What needs to be done: Identify, in the records below, every line where the string "Which" appears, and copy each such line.

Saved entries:
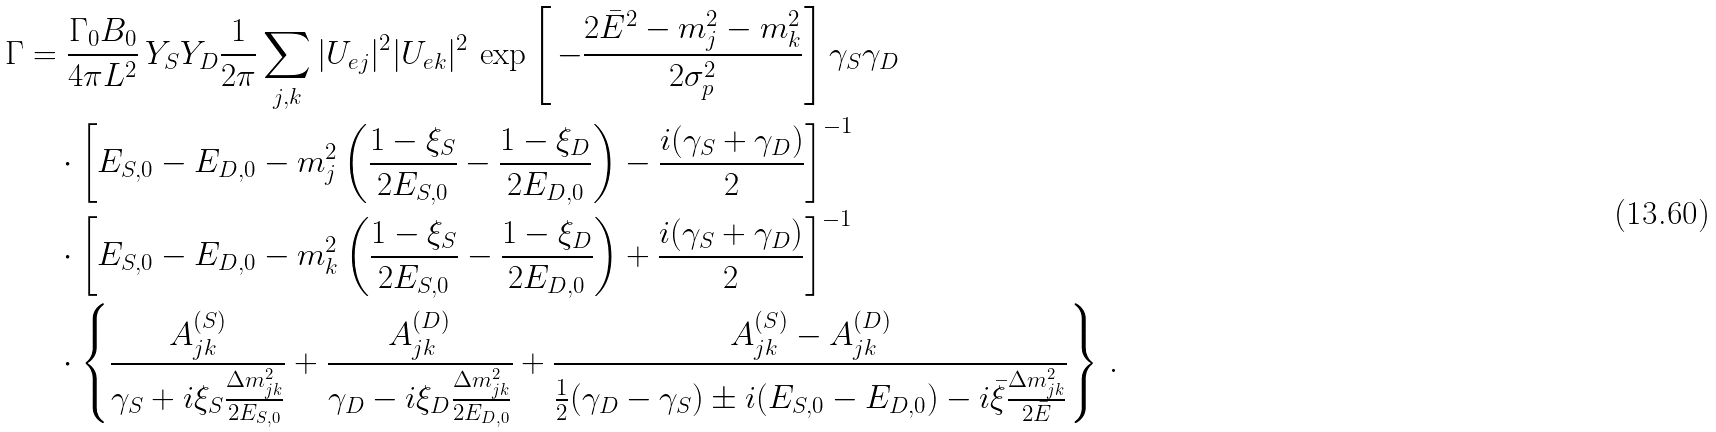<formula> <loc_0><loc_0><loc_500><loc_500>\Gamma & = \frac { \Gamma _ { 0 } B _ { 0 } } { 4 \pi L ^ { 2 } } \, Y _ { S } Y _ { D } \frac { 1 } { 2 \pi } \sum _ { j , k } | U _ { e j } | ^ { 2 } | U _ { e k } | ^ { 2 } \, \exp \left [ \, - \frac { 2 \bar { E } ^ { 2 } - m _ { j } ^ { 2 } - m _ { k } ^ { 2 } } { 2 \sigma _ { p } ^ { 2 } } \right ] \gamma _ { S } \gamma _ { D } \\ & \quad \cdot \left [ E _ { S , 0 } - E _ { D , 0 } - m _ { j } ^ { 2 } \left ( \frac { 1 - \xi _ { S } } { 2 E _ { S , 0 } } - \frac { 1 - \xi _ { D } } { 2 E _ { D , 0 } } \right ) - \frac { i ( \gamma _ { S } + \gamma _ { D } ) } { 2 } \right ] ^ { - 1 } \\ & \quad \cdot \left [ E _ { S , 0 } - E _ { D , 0 } - m _ { k } ^ { 2 } \left ( \frac { 1 - \xi _ { S } } { 2 E _ { S , 0 } } - \frac { 1 - \xi _ { D } } { 2 E _ { D , 0 } } \right ) + \frac { i ( \gamma _ { S } + \gamma _ { D } ) } { 2 } \right ] ^ { - 1 } \\ & \quad \cdot \left \{ \frac { A ^ { ( S ) } _ { j k } } { \gamma _ { S } + i \xi _ { S } \frac { \Delta m _ { j k } ^ { 2 } } { 2 E _ { S , 0 } } } + \frac { A ^ { ( D ) } _ { j k } } { \gamma _ { D } - i \xi _ { D } \frac { \Delta m _ { j k } ^ { 2 } } { 2 E _ { D , 0 } } } + \frac { A ^ { ( S ) } _ { j k } - A ^ { ( D ) } _ { j k } } { \frac { 1 } { 2 } ( \gamma _ { D } - \gamma _ { S } ) \pm i ( E _ { S , 0 } - E _ { D , 0 } ) - i \bar { \xi } \frac { \Delta m _ { j k } ^ { 2 } } { 2 \bar { E } } } \right \} \, .</formula> 
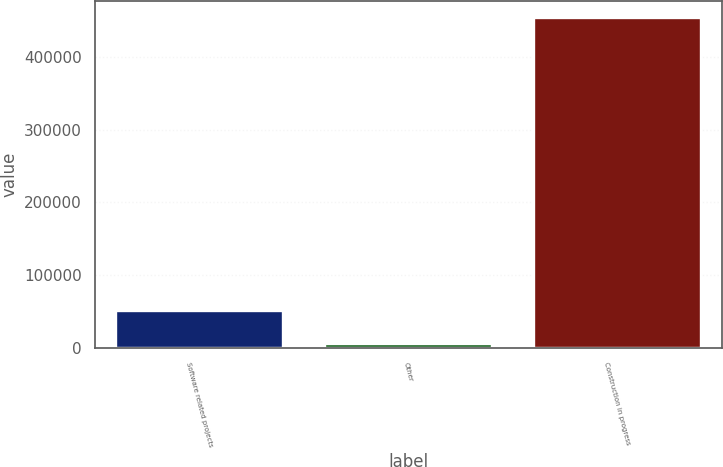Convert chart. <chart><loc_0><loc_0><loc_500><loc_500><bar_chart><fcel>Software related projects<fcel>Other<fcel>Construction in progress<nl><fcel>50945.9<fcel>6246<fcel>453245<nl></chart> 
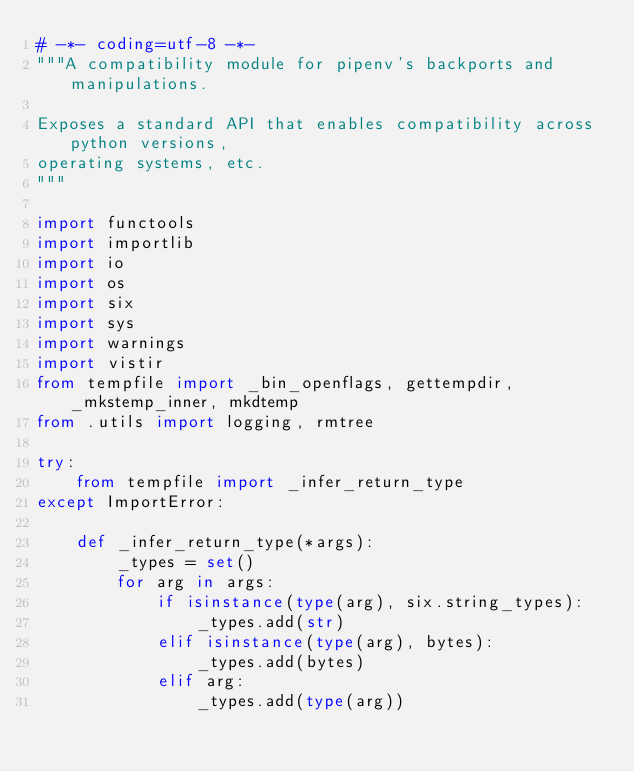Convert code to text. <code><loc_0><loc_0><loc_500><loc_500><_Python_># -*- coding=utf-8 -*-
"""A compatibility module for pipenv's backports and manipulations.

Exposes a standard API that enables compatibility across python versions,
operating systems, etc.
"""

import functools
import importlib
import io
import os
import six
import sys
import warnings
import vistir
from tempfile import _bin_openflags, gettempdir, _mkstemp_inner, mkdtemp
from .utils import logging, rmtree

try:
    from tempfile import _infer_return_type
except ImportError:

    def _infer_return_type(*args):
        _types = set()
        for arg in args:
            if isinstance(type(arg), six.string_types):
                _types.add(str)
            elif isinstance(type(arg), bytes):
                _types.add(bytes)
            elif arg:
                _types.add(type(arg))</code> 
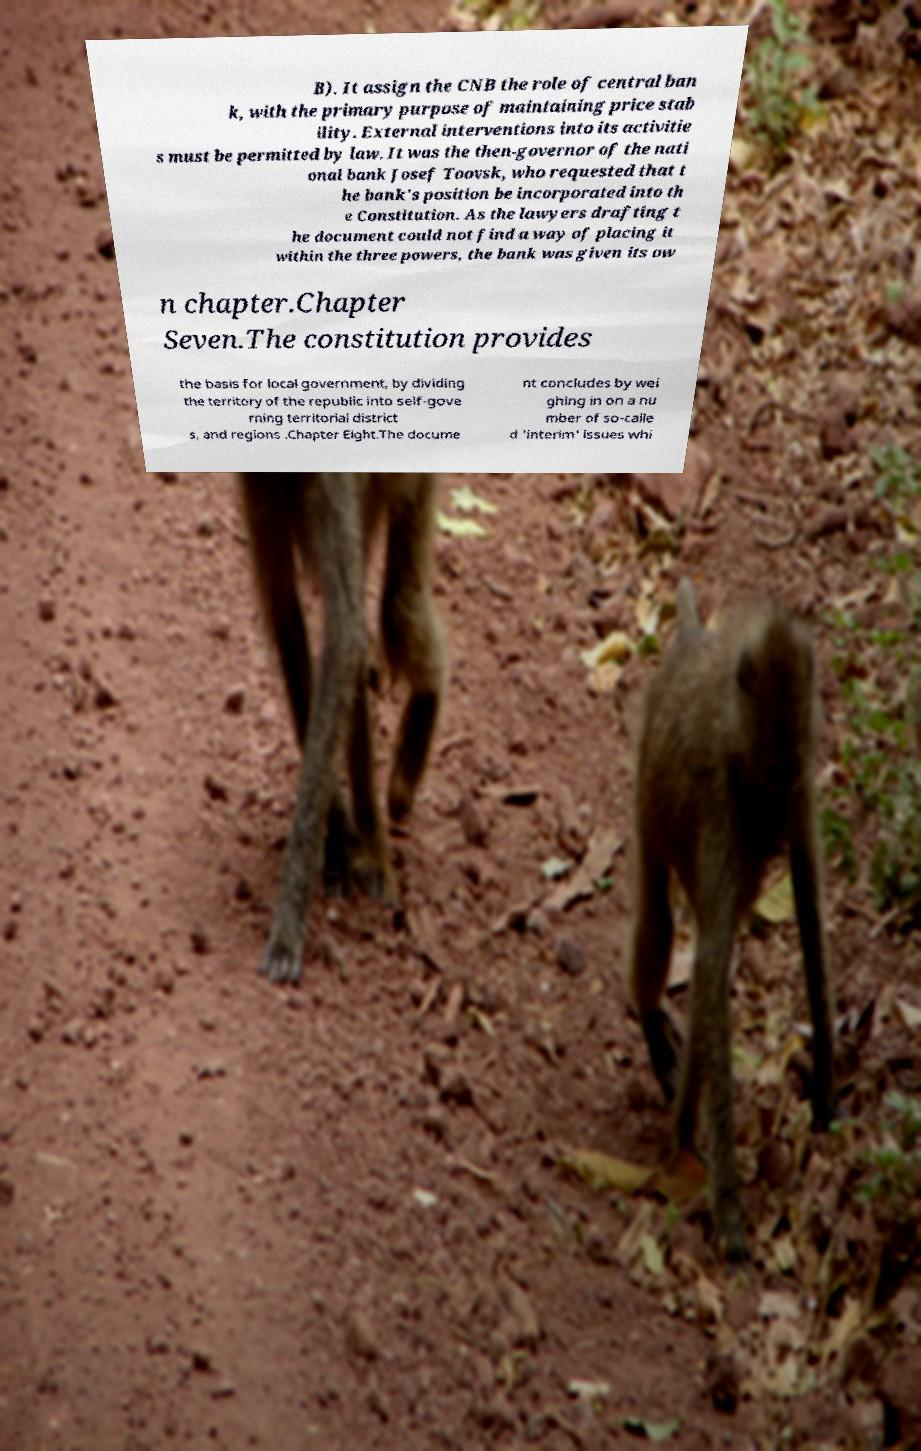Can you accurately transcribe the text from the provided image for me? B). It assign the CNB the role of central ban k, with the primary purpose of maintaining price stab ility. External interventions into its activitie s must be permitted by law. It was the then-governor of the nati onal bank Josef Toovsk, who requested that t he bank's position be incorporated into th e Constitution. As the lawyers drafting t he document could not find a way of placing it within the three powers, the bank was given its ow n chapter.Chapter Seven.The constitution provides the basis for local government, by dividing the territory of the republic into self-gove rning territorial district s, and regions .Chapter Eight.The docume nt concludes by wei ghing in on a nu mber of so-calle d 'interim' issues whi 
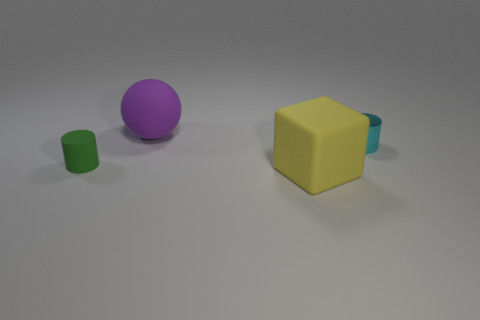Add 1 big metallic balls. How many objects exist? 5 Subtract all balls. How many objects are left? 3 Subtract all big yellow cylinders. Subtract all purple balls. How many objects are left? 3 Add 3 yellow cubes. How many yellow cubes are left? 4 Add 4 large yellow matte blocks. How many large yellow matte blocks exist? 5 Subtract 0 yellow cylinders. How many objects are left? 4 
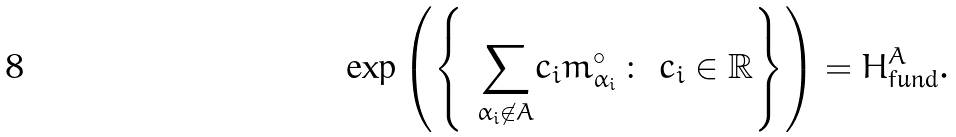<formula> <loc_0><loc_0><loc_500><loc_500>\exp \left ( \left \{ \ \underset { \alpha _ { i } \not \in A } { \sum } c _ { i } m _ { \alpha _ { i } } ^ { \circ } \, \colon \ c _ { i } \in { \mathbb { R } } \right \} \right ) = H ^ { A } _ { \text {fund} } .</formula> 
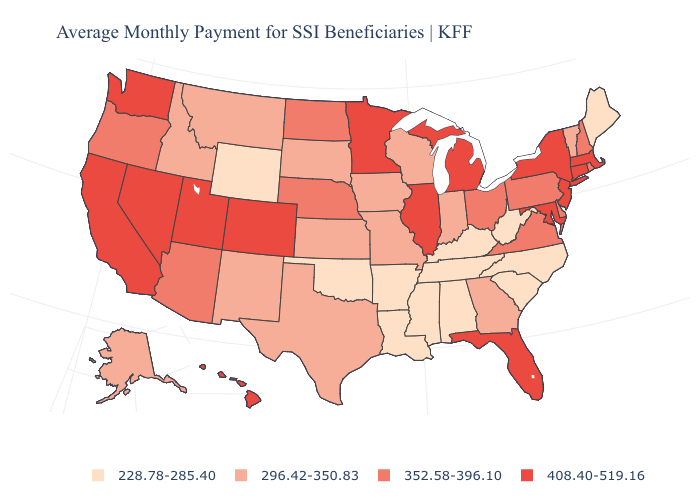Does Colorado have the highest value in the West?
Be succinct. Yes. Does Arizona have a higher value than Pennsylvania?
Concise answer only. No. Which states have the lowest value in the South?
Answer briefly. Alabama, Arkansas, Kentucky, Louisiana, Mississippi, North Carolina, Oklahoma, South Carolina, Tennessee, West Virginia. Which states have the lowest value in the Northeast?
Give a very brief answer. Maine. What is the value of Michigan?
Answer briefly. 408.40-519.16. Is the legend a continuous bar?
Concise answer only. No. What is the highest value in the USA?
Short answer required. 408.40-519.16. What is the value of Nevada?
Answer briefly. 408.40-519.16. Does Oregon have the highest value in the West?
Give a very brief answer. No. Name the states that have a value in the range 408.40-519.16?
Give a very brief answer. California, Colorado, Connecticut, Florida, Hawaii, Illinois, Maryland, Massachusetts, Michigan, Minnesota, Nevada, New Jersey, New York, Utah, Washington. Among the states that border Texas , does New Mexico have the highest value?
Answer briefly. Yes. What is the value of Iowa?
Concise answer only. 296.42-350.83. Does Massachusetts have the highest value in the Northeast?
Write a very short answer. Yes. What is the value of Hawaii?
Concise answer only. 408.40-519.16. What is the value of West Virginia?
Answer briefly. 228.78-285.40.

Exercise solution:
Concise answer only. No. Which states have the lowest value in the South?
Answer briefly. Alabama, Arkansas, Kentucky, Louisiana, Mississippi, North Carolina, Oklahoma, South Carolina, Tennessee, West Virginia. Which states have the lowest value in the Northeast?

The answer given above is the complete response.